If your goal is to understand the music theory in "The Complete Idiot's Guide to Music Theory," then no: nothing has changed.

Long Answer

It depends on how you define "music theory." To most of the world, "music theory" is really just "the fundamentals of music": how to build this chord, how chords progress from one to the next, what a given phrase structure is, etc.

But if you mean academic music theory, there are two areas that I would say are the two biggest developments for the non-academic.

The first is called Sonata Theory, developed by James Hepokoski and Warren Darcy. It's a different look on "sonata form," and one that has been very popular ever since its introduction.
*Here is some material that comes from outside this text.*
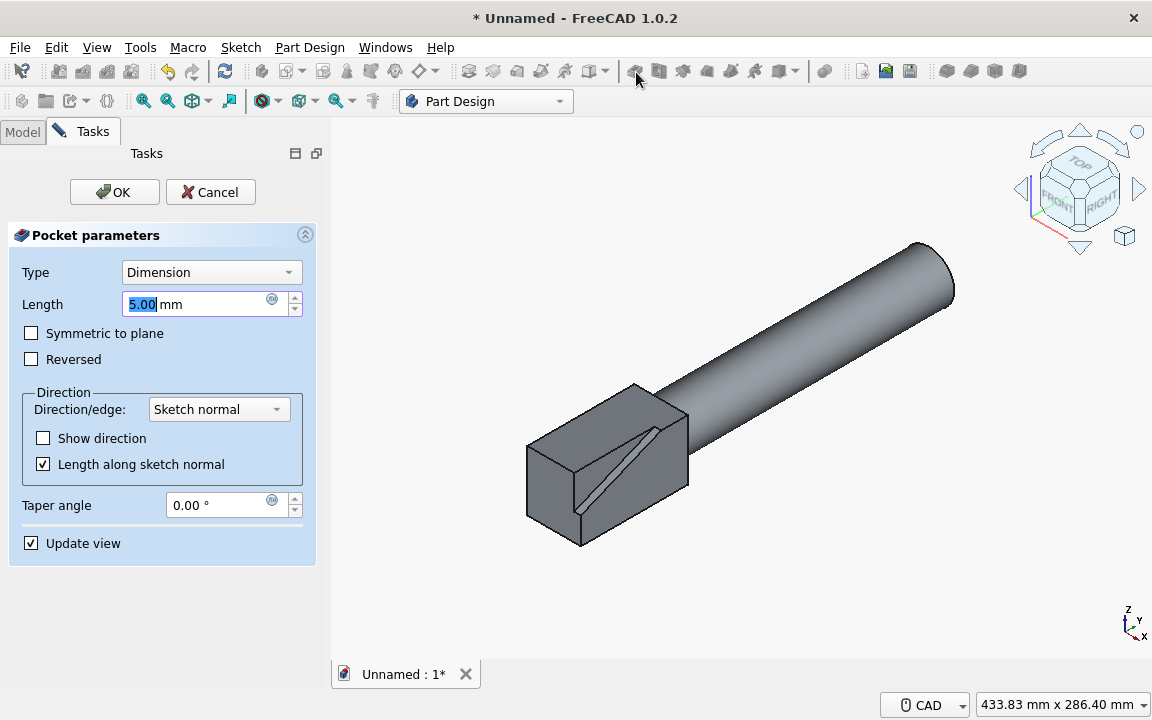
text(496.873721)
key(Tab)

It's hard to summarize in one sentence, but it's basically a goal-driven approach to sonata form that tries to relate a given piece to other sonata movements of the time. If you're interested in checking it out, this article would be a good starting point. If you're still curious, check out this subsequent article. And if you want more, check out their book.

The second is called Schema Theory. This is again hard to summarize, but it basically explains compositional practice (especially in the Galant) by looking at how these composers were taught. This article is helpful, but it's a bit outdated; your best bet is to check out the book.


Nothing much has changed. But there have long been different approaches, and even different ideas of what 'theory' is. Best if you tell us which book you're considering, and what YOUR musical purpose is. Do you want to explore how music 'works'? Or do you want a strategy for jazz soloing?